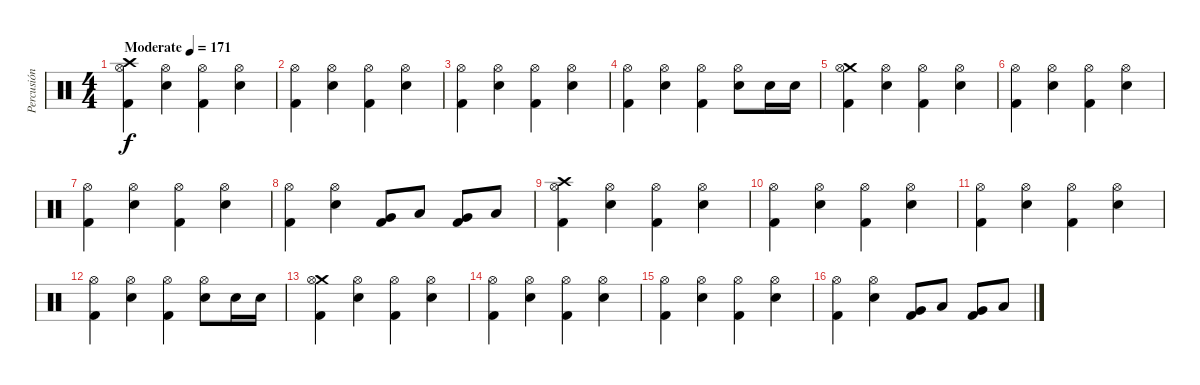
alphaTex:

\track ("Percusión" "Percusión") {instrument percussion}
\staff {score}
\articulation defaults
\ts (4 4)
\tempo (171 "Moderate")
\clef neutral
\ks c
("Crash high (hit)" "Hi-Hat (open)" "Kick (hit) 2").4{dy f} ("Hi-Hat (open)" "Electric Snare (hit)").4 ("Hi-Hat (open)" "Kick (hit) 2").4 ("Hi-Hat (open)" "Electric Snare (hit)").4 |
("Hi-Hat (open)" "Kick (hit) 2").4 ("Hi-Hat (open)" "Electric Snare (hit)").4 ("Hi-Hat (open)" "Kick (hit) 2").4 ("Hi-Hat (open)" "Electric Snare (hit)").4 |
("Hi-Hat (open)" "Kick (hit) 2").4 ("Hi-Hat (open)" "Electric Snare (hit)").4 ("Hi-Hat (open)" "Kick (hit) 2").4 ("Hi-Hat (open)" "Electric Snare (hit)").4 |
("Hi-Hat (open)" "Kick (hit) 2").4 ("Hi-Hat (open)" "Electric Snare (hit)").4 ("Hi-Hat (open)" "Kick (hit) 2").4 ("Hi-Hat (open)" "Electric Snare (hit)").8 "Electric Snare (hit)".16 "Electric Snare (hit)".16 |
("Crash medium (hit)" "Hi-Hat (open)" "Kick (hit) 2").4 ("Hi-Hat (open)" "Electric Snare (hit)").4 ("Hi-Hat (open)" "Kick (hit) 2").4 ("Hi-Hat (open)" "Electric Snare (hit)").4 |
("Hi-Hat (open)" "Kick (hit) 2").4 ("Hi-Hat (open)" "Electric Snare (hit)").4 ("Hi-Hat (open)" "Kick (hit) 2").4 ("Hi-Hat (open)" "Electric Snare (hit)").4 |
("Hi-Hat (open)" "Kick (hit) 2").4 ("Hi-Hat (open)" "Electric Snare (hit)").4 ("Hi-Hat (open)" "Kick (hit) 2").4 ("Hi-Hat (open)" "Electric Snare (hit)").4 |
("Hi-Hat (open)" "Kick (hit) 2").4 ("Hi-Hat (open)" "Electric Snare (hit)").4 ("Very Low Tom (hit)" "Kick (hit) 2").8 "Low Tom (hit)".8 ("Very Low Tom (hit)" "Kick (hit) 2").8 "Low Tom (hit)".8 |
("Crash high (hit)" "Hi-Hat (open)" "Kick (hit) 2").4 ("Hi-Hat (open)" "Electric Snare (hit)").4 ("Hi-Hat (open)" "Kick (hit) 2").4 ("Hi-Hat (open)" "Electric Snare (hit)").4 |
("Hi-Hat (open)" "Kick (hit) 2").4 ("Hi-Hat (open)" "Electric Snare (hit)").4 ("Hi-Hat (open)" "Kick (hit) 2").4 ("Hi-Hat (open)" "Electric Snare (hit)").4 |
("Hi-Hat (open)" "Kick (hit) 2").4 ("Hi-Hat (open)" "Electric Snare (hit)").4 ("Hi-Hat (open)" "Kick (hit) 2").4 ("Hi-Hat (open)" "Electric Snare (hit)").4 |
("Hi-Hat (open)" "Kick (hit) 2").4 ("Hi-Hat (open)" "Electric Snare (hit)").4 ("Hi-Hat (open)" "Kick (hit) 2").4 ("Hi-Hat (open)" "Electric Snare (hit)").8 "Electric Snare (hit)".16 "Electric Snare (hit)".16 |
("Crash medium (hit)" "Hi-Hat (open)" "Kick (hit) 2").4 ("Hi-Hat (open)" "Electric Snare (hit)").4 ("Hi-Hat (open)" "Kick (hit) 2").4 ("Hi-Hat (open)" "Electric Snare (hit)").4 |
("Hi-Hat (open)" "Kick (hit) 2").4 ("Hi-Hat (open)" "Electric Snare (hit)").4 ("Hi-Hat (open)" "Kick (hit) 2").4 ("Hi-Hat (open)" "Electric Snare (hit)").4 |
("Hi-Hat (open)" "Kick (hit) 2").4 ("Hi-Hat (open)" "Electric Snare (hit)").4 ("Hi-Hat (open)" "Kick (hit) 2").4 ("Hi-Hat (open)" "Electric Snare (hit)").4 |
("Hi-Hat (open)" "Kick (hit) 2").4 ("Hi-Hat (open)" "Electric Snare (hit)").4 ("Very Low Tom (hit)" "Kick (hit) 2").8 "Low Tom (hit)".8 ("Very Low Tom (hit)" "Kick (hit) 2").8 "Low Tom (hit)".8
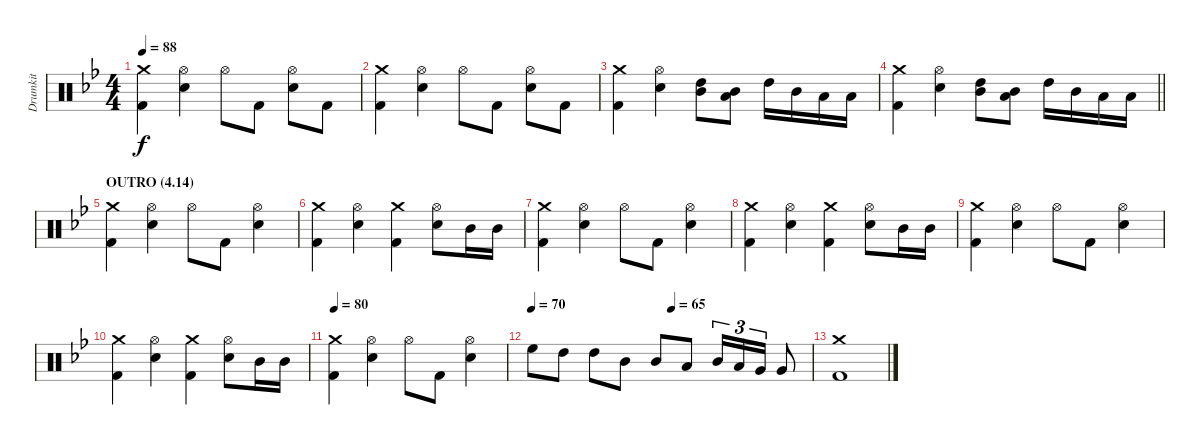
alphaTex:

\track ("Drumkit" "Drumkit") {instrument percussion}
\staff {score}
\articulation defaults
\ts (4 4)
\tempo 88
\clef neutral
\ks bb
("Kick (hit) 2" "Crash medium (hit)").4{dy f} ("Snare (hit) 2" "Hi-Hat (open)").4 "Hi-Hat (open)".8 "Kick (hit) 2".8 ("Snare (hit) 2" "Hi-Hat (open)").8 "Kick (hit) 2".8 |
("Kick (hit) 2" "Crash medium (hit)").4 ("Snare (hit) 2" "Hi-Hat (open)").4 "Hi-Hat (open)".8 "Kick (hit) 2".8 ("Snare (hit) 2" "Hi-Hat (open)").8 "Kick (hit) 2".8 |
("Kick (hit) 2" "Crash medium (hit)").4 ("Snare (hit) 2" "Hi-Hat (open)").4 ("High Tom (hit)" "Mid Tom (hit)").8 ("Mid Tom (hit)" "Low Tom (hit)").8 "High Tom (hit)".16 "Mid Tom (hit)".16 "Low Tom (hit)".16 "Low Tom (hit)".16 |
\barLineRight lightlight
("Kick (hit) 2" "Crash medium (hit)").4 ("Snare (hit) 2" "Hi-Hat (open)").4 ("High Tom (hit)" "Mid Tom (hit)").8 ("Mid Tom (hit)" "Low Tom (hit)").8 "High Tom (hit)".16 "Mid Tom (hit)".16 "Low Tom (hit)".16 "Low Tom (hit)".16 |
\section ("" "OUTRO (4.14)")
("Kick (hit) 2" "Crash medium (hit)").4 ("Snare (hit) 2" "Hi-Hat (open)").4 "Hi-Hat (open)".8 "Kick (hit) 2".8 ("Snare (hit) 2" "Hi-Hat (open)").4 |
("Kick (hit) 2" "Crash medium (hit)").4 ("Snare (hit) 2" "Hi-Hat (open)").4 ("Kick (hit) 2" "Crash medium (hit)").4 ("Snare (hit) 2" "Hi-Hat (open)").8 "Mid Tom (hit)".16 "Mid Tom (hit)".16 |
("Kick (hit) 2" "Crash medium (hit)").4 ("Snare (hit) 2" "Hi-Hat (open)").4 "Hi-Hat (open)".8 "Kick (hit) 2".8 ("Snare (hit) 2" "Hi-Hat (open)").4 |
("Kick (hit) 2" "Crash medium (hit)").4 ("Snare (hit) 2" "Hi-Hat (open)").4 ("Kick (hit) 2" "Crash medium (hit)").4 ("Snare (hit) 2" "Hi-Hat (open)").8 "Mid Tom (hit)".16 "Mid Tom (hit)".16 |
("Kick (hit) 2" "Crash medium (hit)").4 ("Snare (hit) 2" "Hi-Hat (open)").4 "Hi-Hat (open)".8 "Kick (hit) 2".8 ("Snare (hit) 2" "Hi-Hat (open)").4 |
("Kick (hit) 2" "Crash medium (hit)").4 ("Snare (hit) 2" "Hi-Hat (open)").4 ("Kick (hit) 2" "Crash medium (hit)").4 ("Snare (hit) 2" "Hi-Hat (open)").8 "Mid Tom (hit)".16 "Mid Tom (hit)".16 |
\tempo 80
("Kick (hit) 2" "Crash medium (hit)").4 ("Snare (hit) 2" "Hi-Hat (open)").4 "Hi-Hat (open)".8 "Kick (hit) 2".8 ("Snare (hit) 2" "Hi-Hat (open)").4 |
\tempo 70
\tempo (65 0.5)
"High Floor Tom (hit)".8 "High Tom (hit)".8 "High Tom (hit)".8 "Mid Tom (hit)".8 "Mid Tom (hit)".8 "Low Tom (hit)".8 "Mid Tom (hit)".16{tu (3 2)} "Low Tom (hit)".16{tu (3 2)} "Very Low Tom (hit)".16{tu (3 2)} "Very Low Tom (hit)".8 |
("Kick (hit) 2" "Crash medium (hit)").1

====

§ THE PROBLEM
Extract, from the listing above, every line where the string "instrument" occurs.

§ TASK SOLUTION
\track ("Percusión" "Percusión") {instrument percussion}
\track ("Drumkit" "Drumkit") {instrument percussion}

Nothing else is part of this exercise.